1. fsum(8)
  2. fsum(8)

NAME

fsum - A Scalable Parallel Checksum Tool

SYNOPSIS

fsum file1 file2 ...
fsum dir 

mpirun -np 8 fsum ...

DESCRIPTION

fsum is a program designed to do large scale data checksumming. Compared to conventional checksumming utilities such as md5sum, there are two major differences: (1) it is parallel; (2) it is dataset-based instead of file-based. fsum supports the following options:

--output filename

Rename signature file. By default, fsum generates a signature file using the current time stamp.

--chunksize sz

fsum will break up large files into pieces to increase parallelism. By default, fsum adaptively sets the chunk size based on the overall size of the workload. Use this option to specify a particular chunk size in KB, MB. For example: --chunksize 128MB.

--reduce-interval

Controls progress report frequency. The default is 10 seconds.

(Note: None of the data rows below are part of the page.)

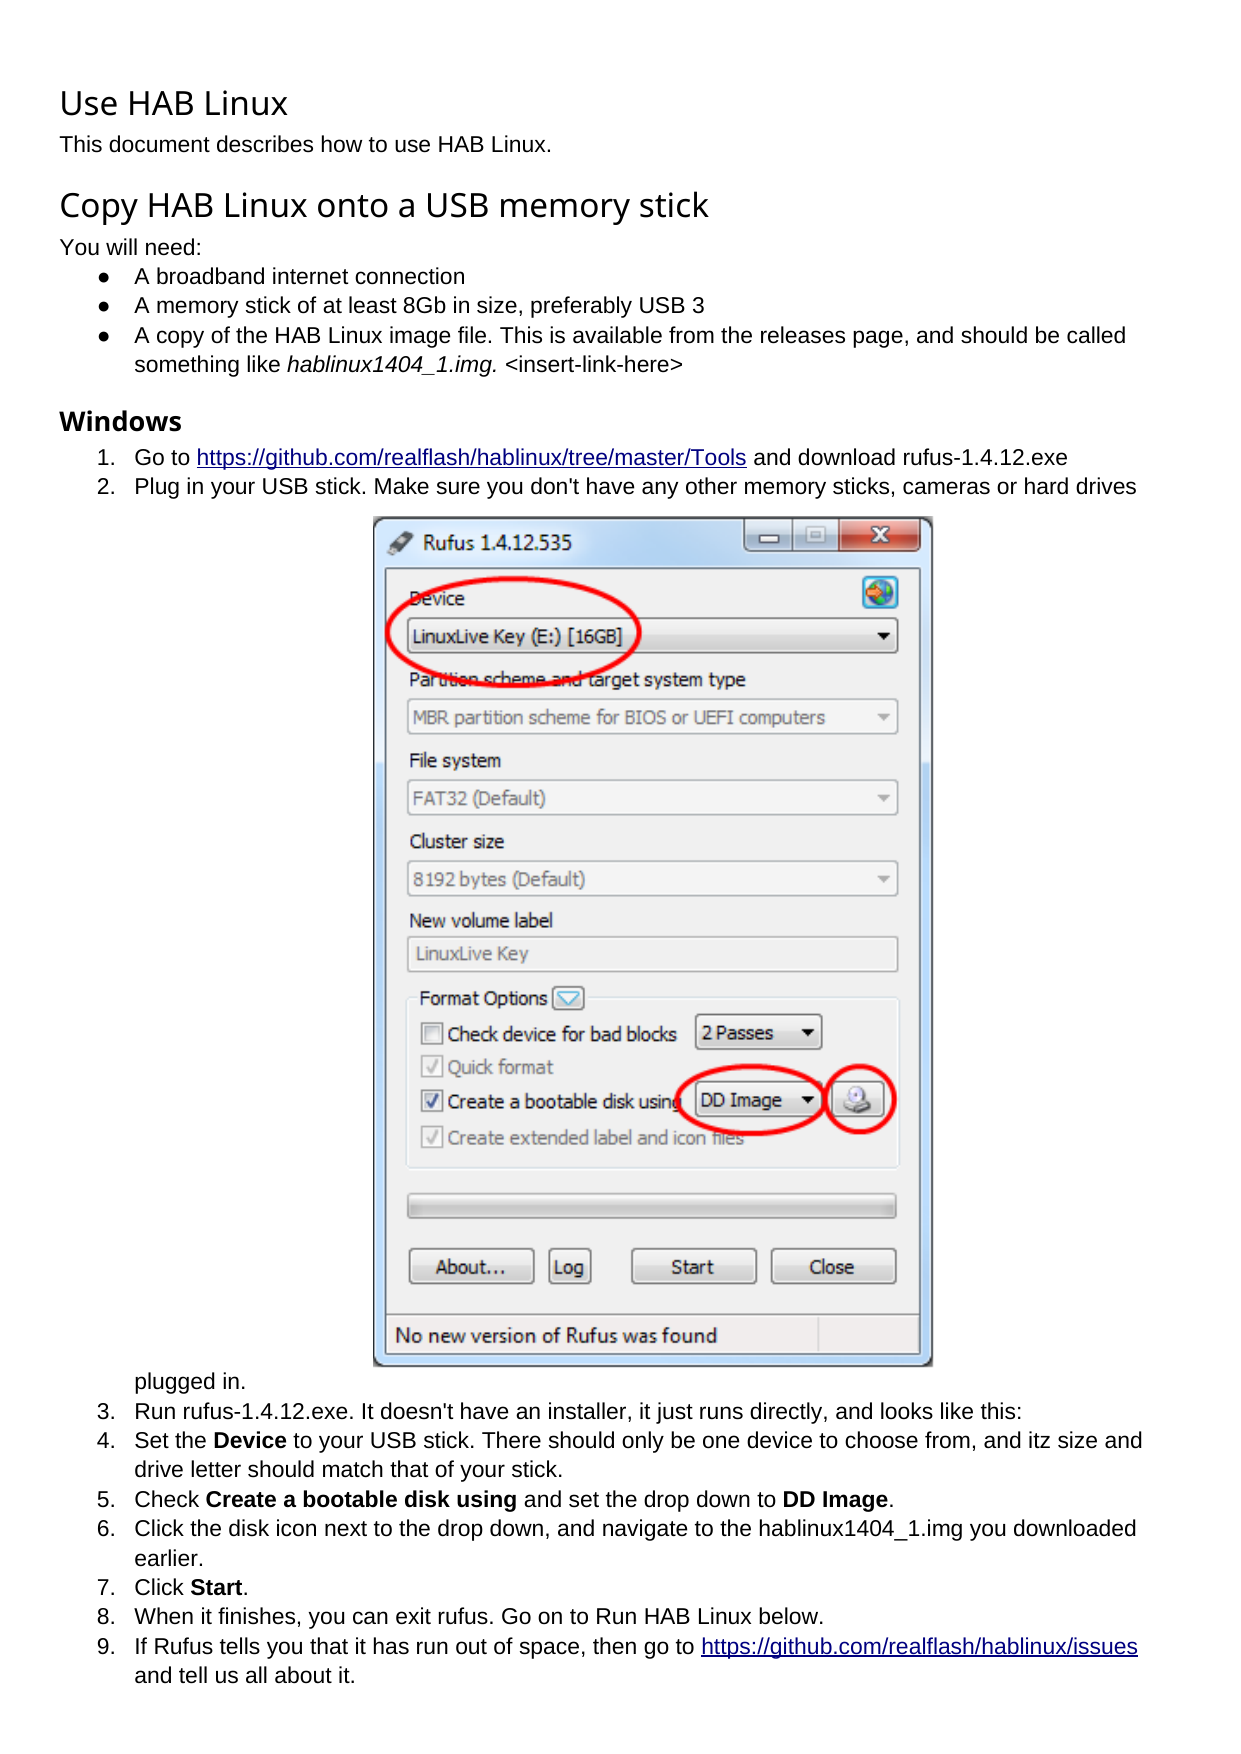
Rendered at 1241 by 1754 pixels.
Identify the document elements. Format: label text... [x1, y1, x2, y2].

list When it finishes, you can exit rufus. Go on to Run HAB Linux below. [97, 1604, 1181, 1629]
list A memory stick of at least 8Gb in size, preferably USB 3 [97, 293, 1181, 319]
text This document describes how to use HAB Linux. [59, 132, 1181, 158]
list Check Create a bootable disk using and set the drop down to DD Image. [97, 1486, 1181, 1512]
list A copy of the HAB Linux image file. This is available from the releases page, and should be called something like hablinux1404_1.img. <insert-link-here> [97, 323, 1181, 378]
list Go to https://github.com/realflash/hablinux/tree/master/Tools and download rufus-1.4.12.exe [97, 444, 1181, 470]
list Set the Device to your USB stick. There should only be one device to choose from, and itz size and drive letter should match that of your stick. [97, 1428, 1181, 1483]
subtitle Use HAB Linux [59, 80, 1181, 125]
subtitle Windows [59, 402, 1181, 439]
subtitle Copy HAB Linux onto a USB memory stick [59, 182, 1181, 228]
list If Rufus tells you that it has run out of space, then go to https://github.com/realflash/hablinux/issues and tell us all about it. [97, 1633, 1181, 1688]
list Click the disk icon next to the drop down, and navigate to the hablinux1404_1.img you downloaded earlier. [97, 1516, 1181, 1571]
text You will need: [59, 234, 1181, 260]
list Plug in your USB stick. Make sure you don't have any other memory sticks, cameras or hard drives plugged in. [97, 474, 1181, 1394]
list Click Start. [97, 1574, 1181, 1600]
picture [373, 516, 935, 1369]
list A broadband internet connection [97, 264, 1181, 289]
list Run rufus-1.4.12.exe. It doesn't have an installer, it just runs directly, and looks like this: [97, 1398, 1181, 1424]
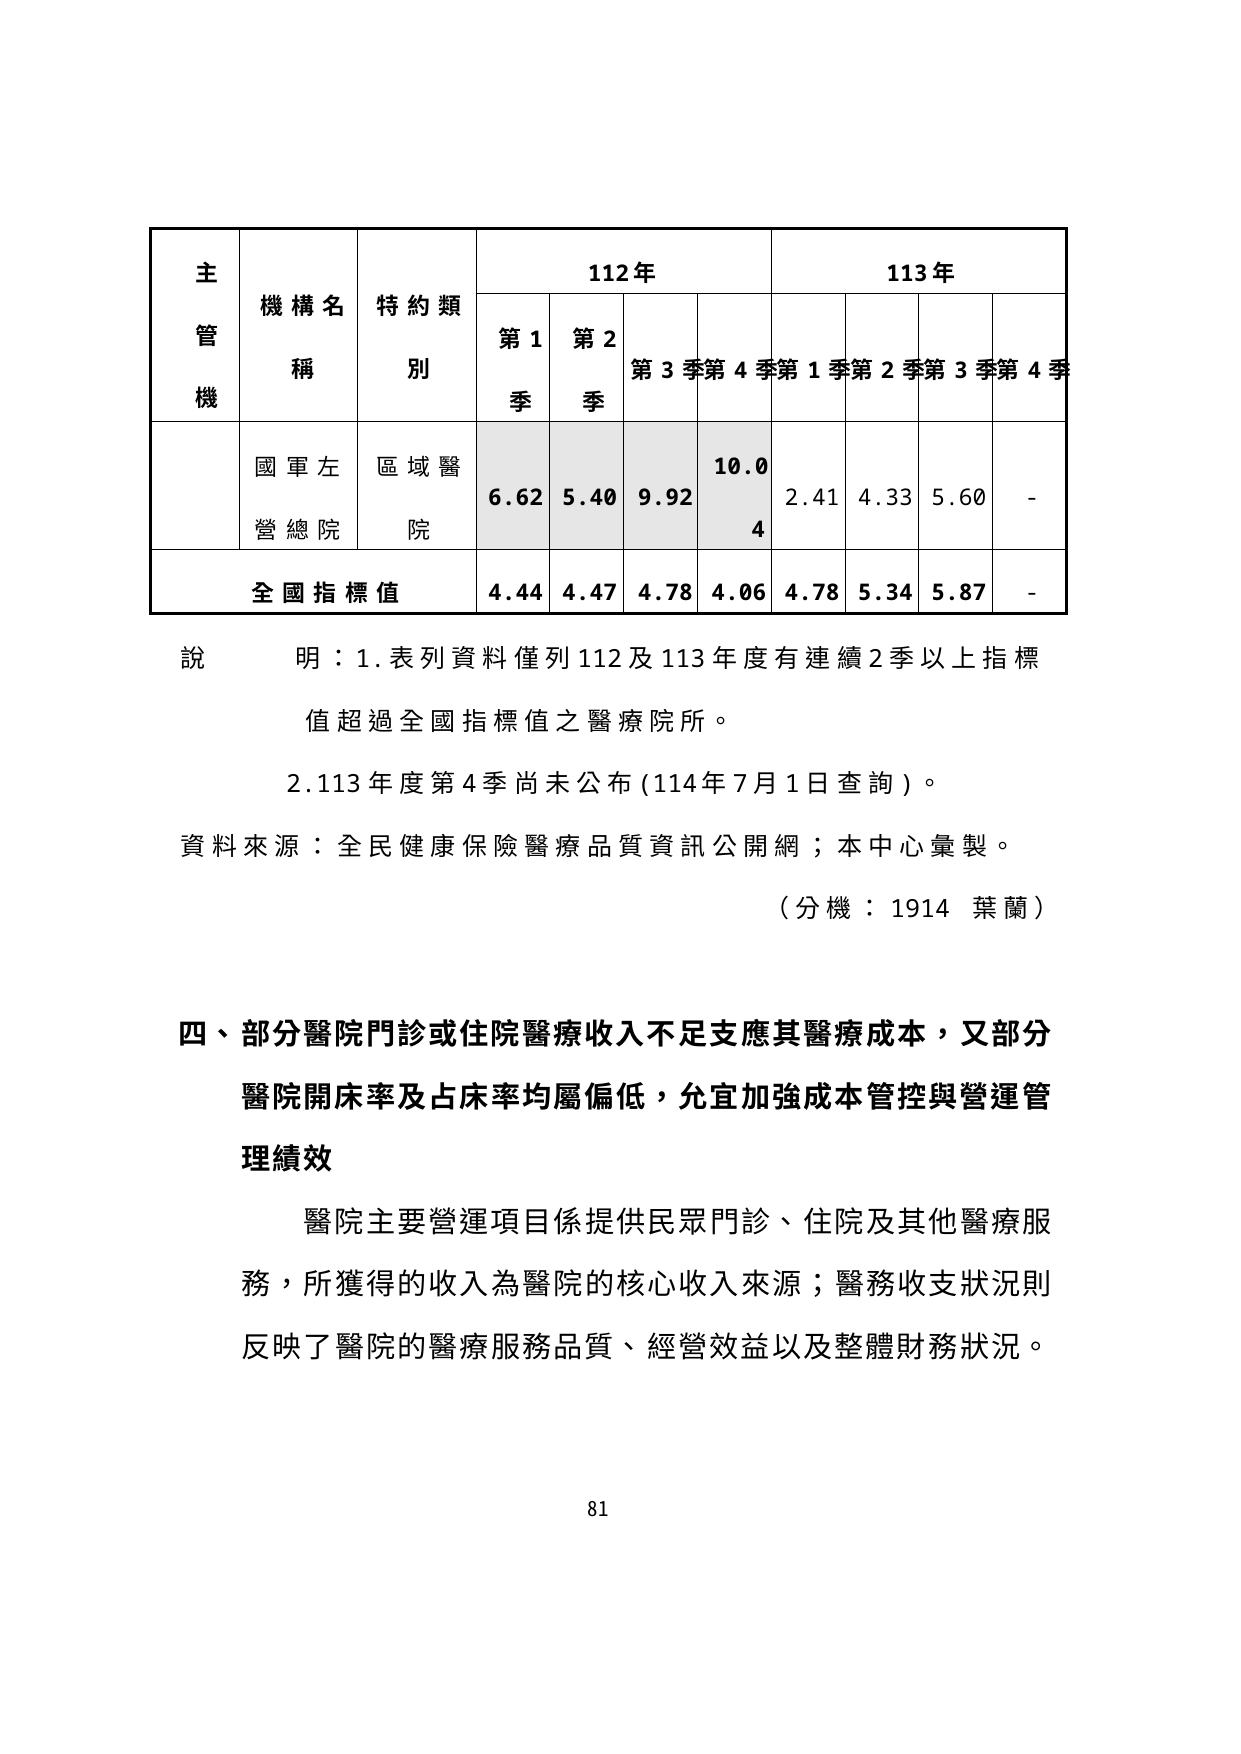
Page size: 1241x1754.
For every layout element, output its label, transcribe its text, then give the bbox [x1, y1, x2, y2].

table_cell 第2季 [550, 294, 623, 421]
text 醫院主要營運項目係提供民眾門診、住院及其他醫療服務，所獲得的收入為醫院的核心收入來源；醫務收支狀況則反映了醫院的醫療服務品質、經營效益以及整體財務狀況。 [236, 1178, 1063, 1365]
table_cell 5.60 [919, 422, 992, 549]
table_cell 國軍左營總院 [240, 422, 357, 549]
table_cell 6.62 [477, 422, 549, 549]
table_cell 4.33 [846, 422, 918, 549]
table_cell 全國指標值 [152, 550, 476, 612]
table_cell - [993, 422, 1065, 549]
table_header 112年 [477, 230, 771, 293]
text 四、部分醫院門診或住院醫療收入不足支應其醫療成本，又部分醫院開床率及占床率均屬偏低，允宜加強成本管控與營運管理績效 [177, 990, 1063, 1178]
table_cell 9.92 [624, 422, 697, 549]
text 2.113年度第4季尚未公布(114年7月1日查詢)。 [275, 740, 1063, 803]
table_header 機構名稱 [240, 230, 357, 421]
table_cell 第3季 [919, 294, 992, 421]
table_cell 4.78 [772, 550, 845, 612]
text （分機：1914 葉蘭） [236, 865, 1063, 928]
table_header 特約類別 [358, 230, 476, 421]
table_cell 第1季 [772, 294, 845, 421]
table_cell 第2季 [846, 294, 918, 421]
table_cell 2.41 [772, 422, 845, 549]
table_cell 第1季 [477, 294, 549, 421]
table_cell 4.47 [550, 550, 623, 612]
table_cell 5.34 [846, 550, 918, 612]
table_cell 第4季 [993, 294, 1065, 421]
table_cell 區域醫院 [358, 422, 476, 549]
table_cell 第4季 [698, 294, 771, 421]
table_header 主管 機關 [152, 230, 239, 421]
text 說 明：1.表列資料僅列112及113年度有連續2季以上指標值超過全國指標值之醫療院所。 [148, 615, 1063, 740]
table_cell 4.78 [624, 550, 697, 612]
table_cell 10.04 [698, 422, 771, 549]
table_cell 5.40 [550, 422, 623, 549]
table_cell - [993, 550, 1065, 612]
text 資料來源：全民健康保險醫療品質資訊公開網；本中心彙製。 [148, 803, 1063, 865]
table_cell 4.44 [477, 550, 549, 612]
table_cell 4.06 [698, 550, 771, 612]
table_header 113年 [772, 230, 1065, 293]
table_cell 第3季 [624, 294, 697, 421]
table_cell 5.87 [919, 550, 992, 612]
table_cell 國防部 [152, 422, 239, 549]
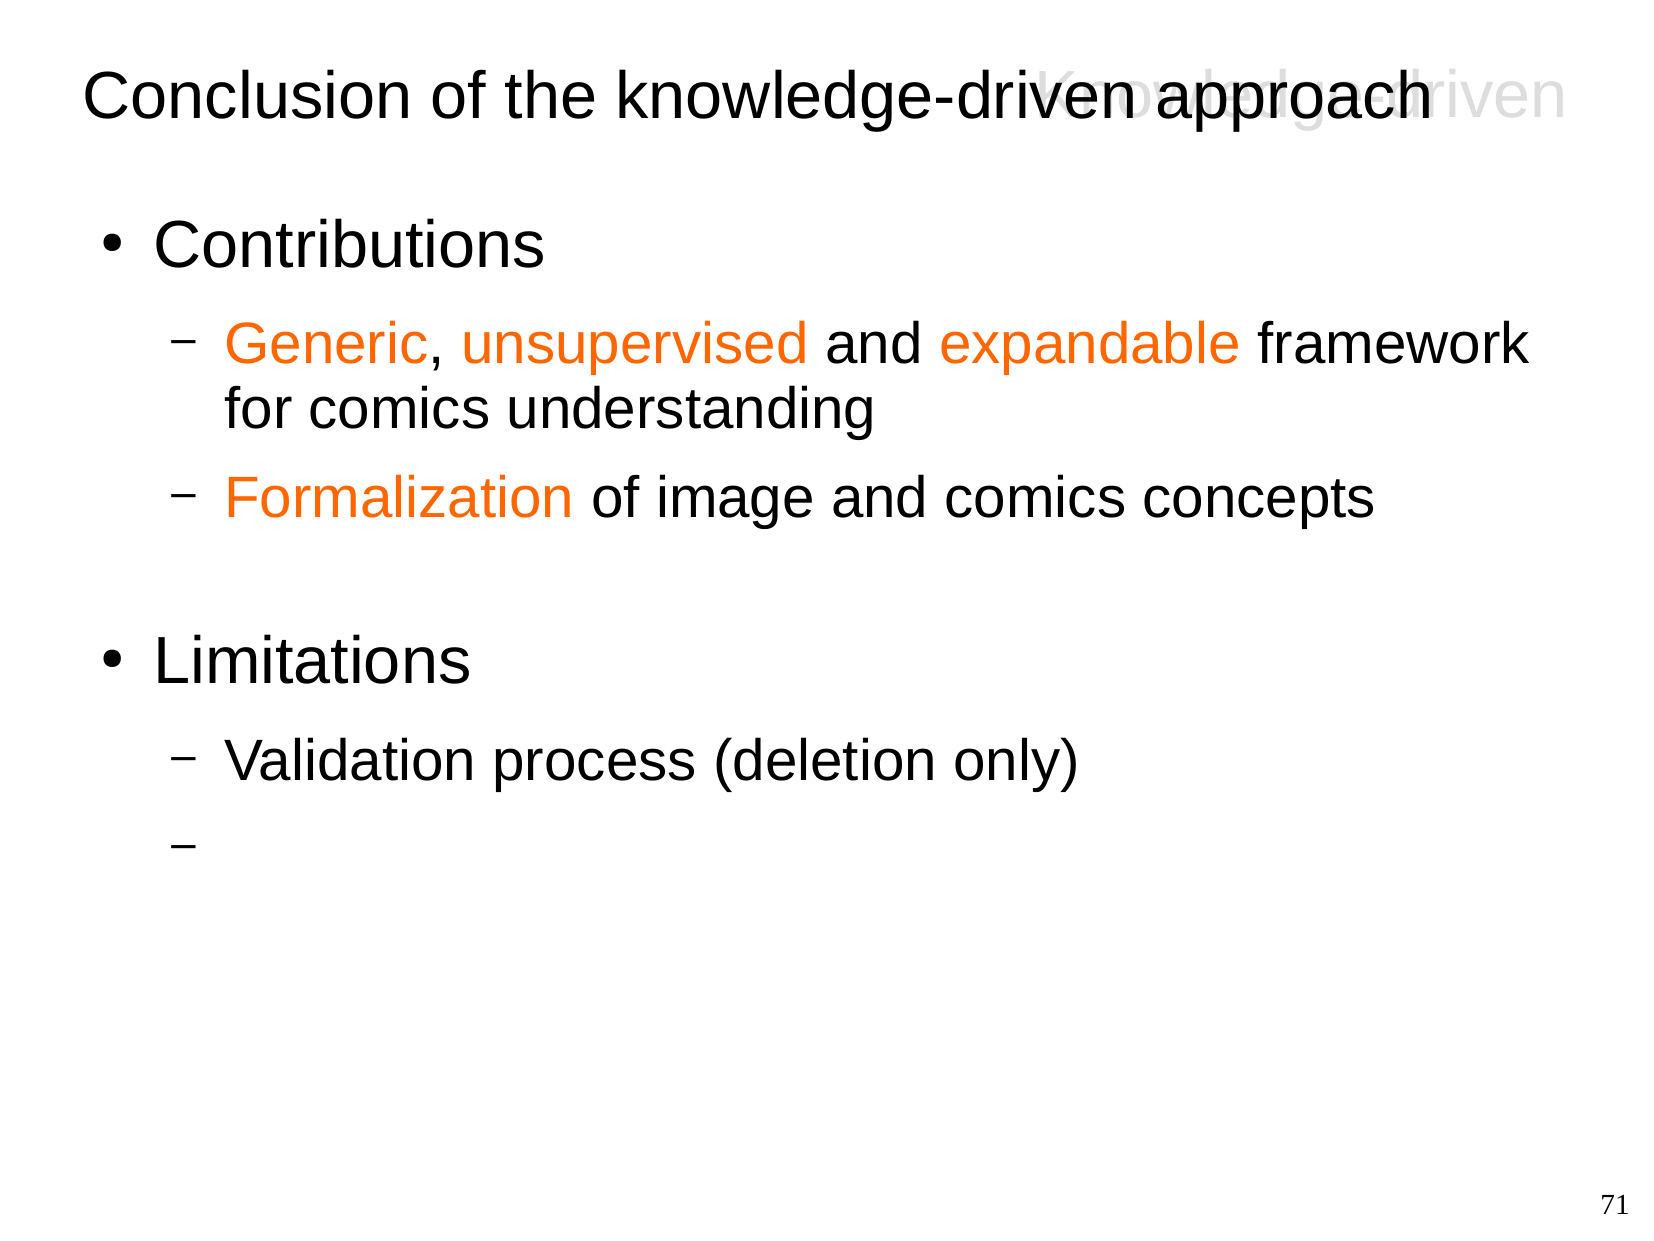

----export-block-signatures

Control whether the signature file contains checksums of each data block. By default, only the aggregated checksum is saved.

PERFORMANCE/RESOURCE CONSIDERATIONS

The final step of aggregating and sorting block checksums is not parallelized. The reduction is performed on a single node and requires a large memory footprint as the number of files increases.

AUTHOR

Feiyi Wang (fwang2@ornl.gov)

  1. December 2015
  2. fsum(8)